Interface CharacterConstantNode

All Superinterfaces:
ASTNode, ConstantNode, ExpressionNode, ForLoopInitializerNode, InitializerNode, SizeableNode

public interface CharacterConstantNode extends ConstantNode

An instance of this interface represents a single Unicode character occurring as a literal element in a C program.

Following the information in the C11 Standard, the C11 representation of a character literal is interpreted to yield (1) a Unicode character, and (2) a C type. Both pieces of information are included in an instance of this class.

Character constants are discussed in Section of C11. They have a complex structure.

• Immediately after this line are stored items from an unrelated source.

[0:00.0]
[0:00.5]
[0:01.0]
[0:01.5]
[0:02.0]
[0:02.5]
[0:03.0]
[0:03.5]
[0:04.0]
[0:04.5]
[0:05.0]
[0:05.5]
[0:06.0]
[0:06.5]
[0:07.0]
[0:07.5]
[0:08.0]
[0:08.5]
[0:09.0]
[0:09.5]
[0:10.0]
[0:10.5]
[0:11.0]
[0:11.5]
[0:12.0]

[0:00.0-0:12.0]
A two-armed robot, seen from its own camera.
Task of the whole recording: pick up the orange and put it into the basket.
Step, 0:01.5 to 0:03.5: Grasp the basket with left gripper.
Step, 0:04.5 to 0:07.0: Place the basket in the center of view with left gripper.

First, there is a possible prefix: either none, L, u, or U.

Second there is a sequence of "c-char" (enclosed in single quotes).

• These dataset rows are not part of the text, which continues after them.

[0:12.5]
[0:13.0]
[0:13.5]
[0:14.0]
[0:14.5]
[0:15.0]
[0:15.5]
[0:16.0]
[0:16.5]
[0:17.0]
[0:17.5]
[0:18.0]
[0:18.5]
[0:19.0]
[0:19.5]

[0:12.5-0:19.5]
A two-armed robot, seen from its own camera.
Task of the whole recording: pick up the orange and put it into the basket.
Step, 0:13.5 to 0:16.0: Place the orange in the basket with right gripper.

A c-char is either (1) any member of the source character set other than single-quote, backslash, or newline, or (2) an escape sequence.

An escape sequence is either a simple escape sequence, an octal escape sequence, a hexadecimal escape sequence, or a universal character name.

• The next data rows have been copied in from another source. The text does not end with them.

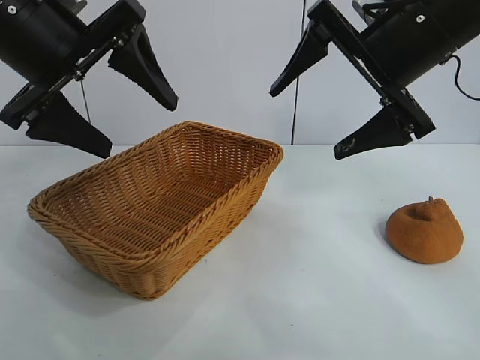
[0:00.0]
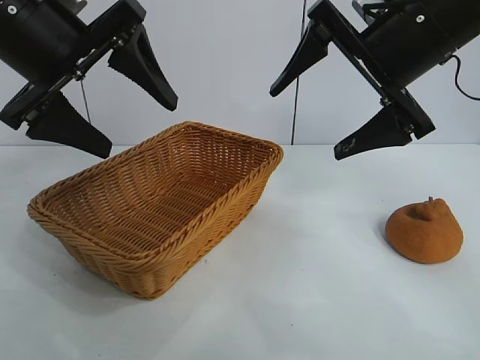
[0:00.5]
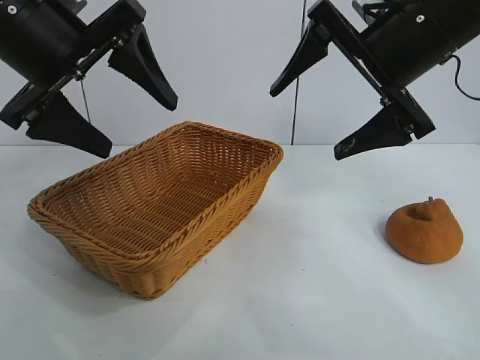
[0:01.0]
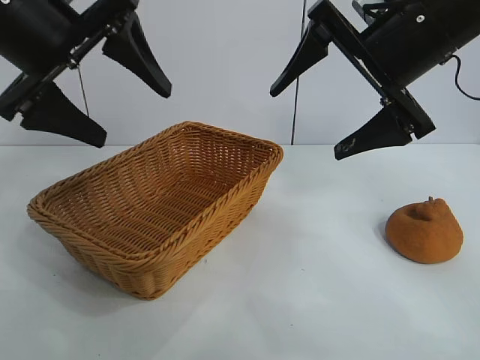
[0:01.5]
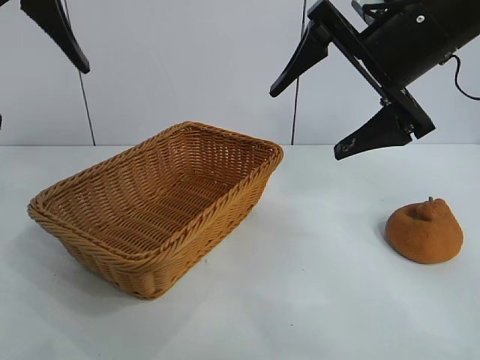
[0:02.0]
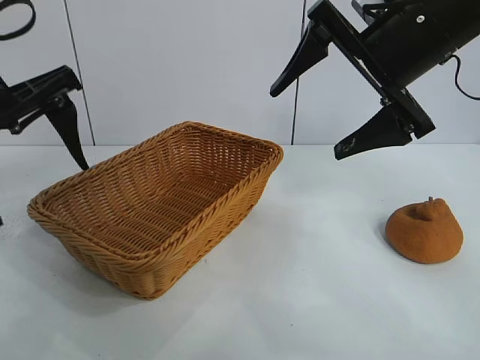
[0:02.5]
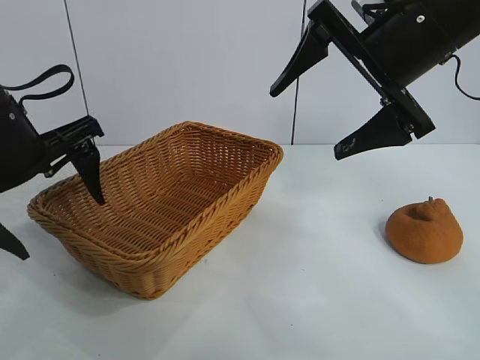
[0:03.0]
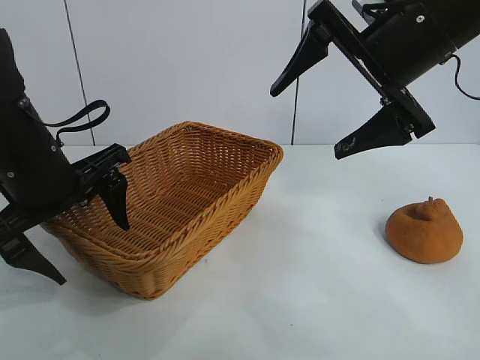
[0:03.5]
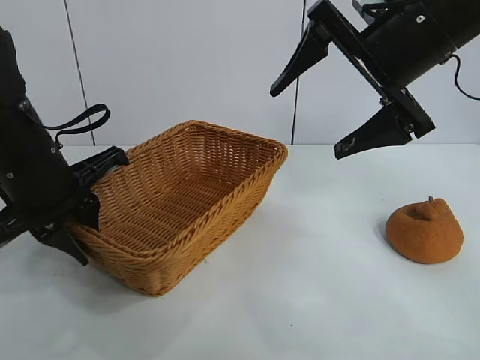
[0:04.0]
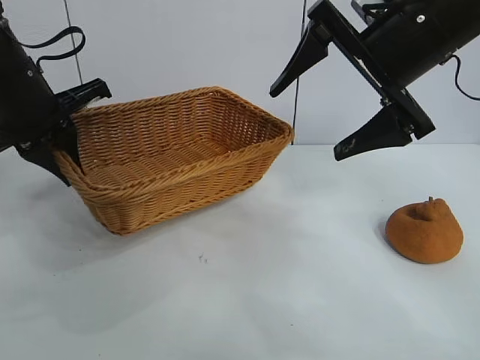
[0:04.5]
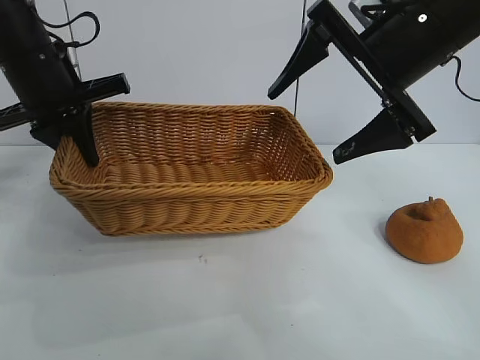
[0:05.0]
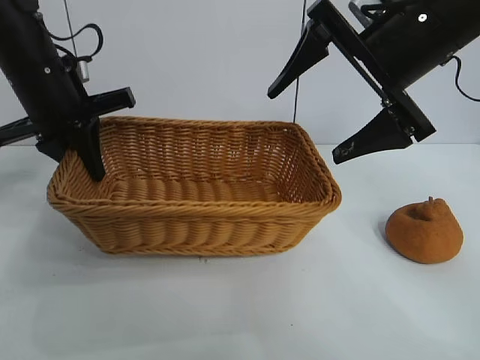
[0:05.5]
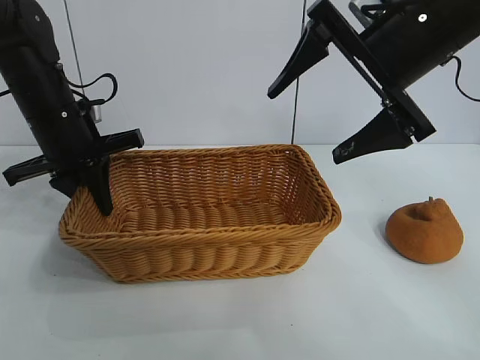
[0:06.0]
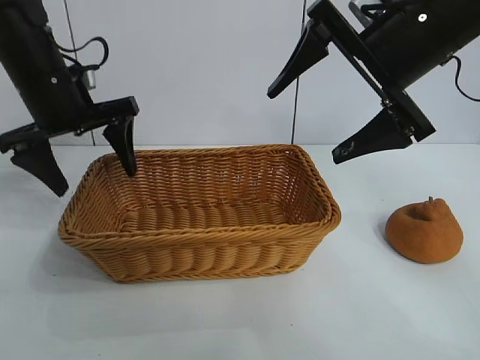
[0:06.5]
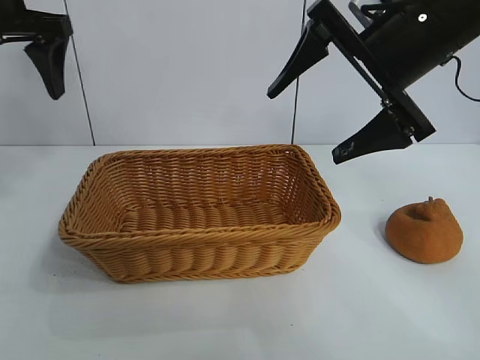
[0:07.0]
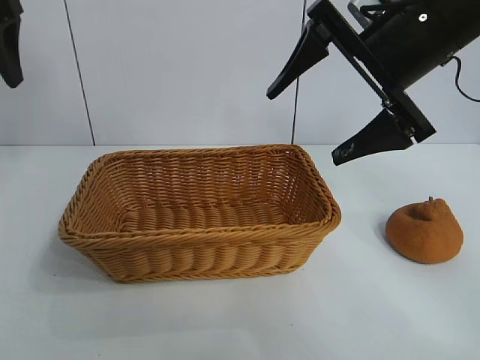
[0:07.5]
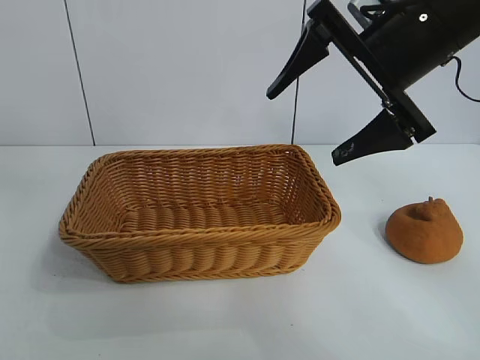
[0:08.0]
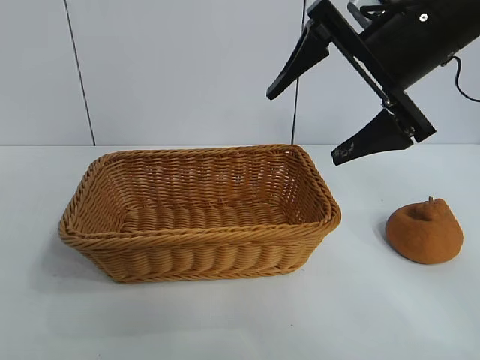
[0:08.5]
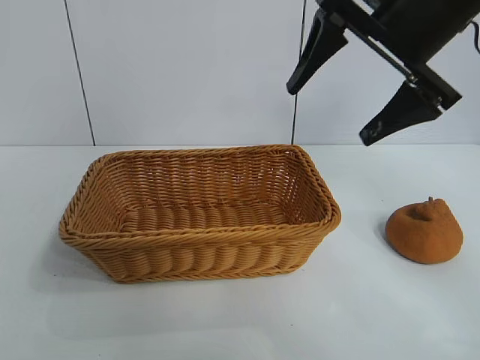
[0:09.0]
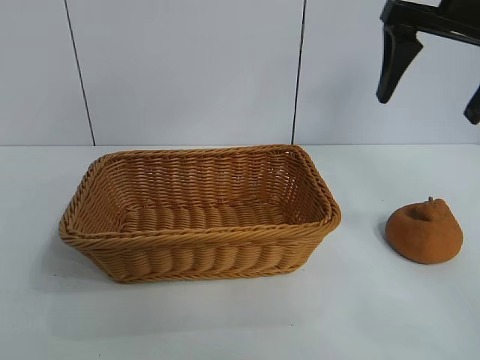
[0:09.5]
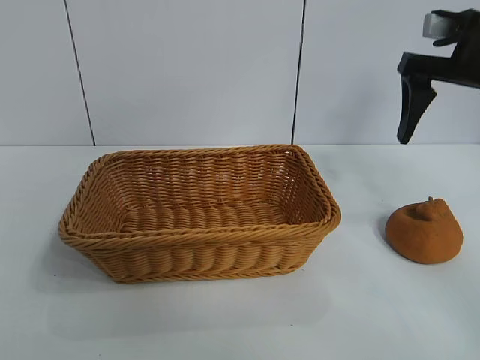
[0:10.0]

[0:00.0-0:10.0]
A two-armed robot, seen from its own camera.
Task of the whole recording: pick up the orange and put it into the basket.
Step, 0:01.0 to 0:04.0: Grasp the basket with left gripper.
Step, 0:04.5 to 0:06.0: Place the basket in the center of view with left gripper.

A simple escape sequence is one of the following:

 \'  \"  \?  \\  \a  \b  \f  \n  \r  \t  \v

An octal escape sequence is a backslash followed by 1, 2, or 3 octal digits.

A hexadecimal escape sequence consists of \x followed by 1 or more hexadecimal digits.

Note: it seems that if the sequence of c-char has length greater than one, the behavior is implementation-defined, so we are only going to support sequences of length 1.


The type is determined from the prefix as follows: int (none), wchar_t (L), char16_t (u ), or char32_t (U). wchar_t is an integer type, described in C11 Sec. 7.19. char16_t and char32_t are described in Sec. 7.28; the first is the smallest unsigned integer type with a width of at least 16; the latter is the smallest unsigned integer type with a width of at least 32.

If there is no prefix, the constant is known as an "integer character constant", otherwise it is a "wide character constant".

Note: the type may be null until it is set. This is because the special types (wchar_t, etc.) are not known until typedefs have been processed.


This part is very confusing and certainly some of it is implementation-dependent. The procedure outlined here seems to be consistent with what is written in the Standard.

For an integer character constant, the procedure is as follows. The code point (which is a non-negative integer) must lie in the range of the type unsigned char. (If not, an exception is thrown.) It is then converted to a value of type char as follows: if the range of char coincides with that of unsigned char, nothing to do. Otherwise, if the value already lies within the range of signed char, nothing to do. Otherwise, subtract (unsignedCharMax+1) from value. Finally, the char value is converted to a value of type int.

Example: if char = unsigned char and has 8 bits, this will yield an int value in the range [0,255]. '\xFF' yields the int value 255.

Example: If char=signed char and has 8 bits and two's complement representation is used for integers, then the int value will lie in the range [-128,127]. '\xFF' yields the int value -1 (255-256=-1).

For wide character constants, the value is determined by one of the functions mbtowc, mbrtoc16, or mbrtoc32. For now, we punt on wide characters.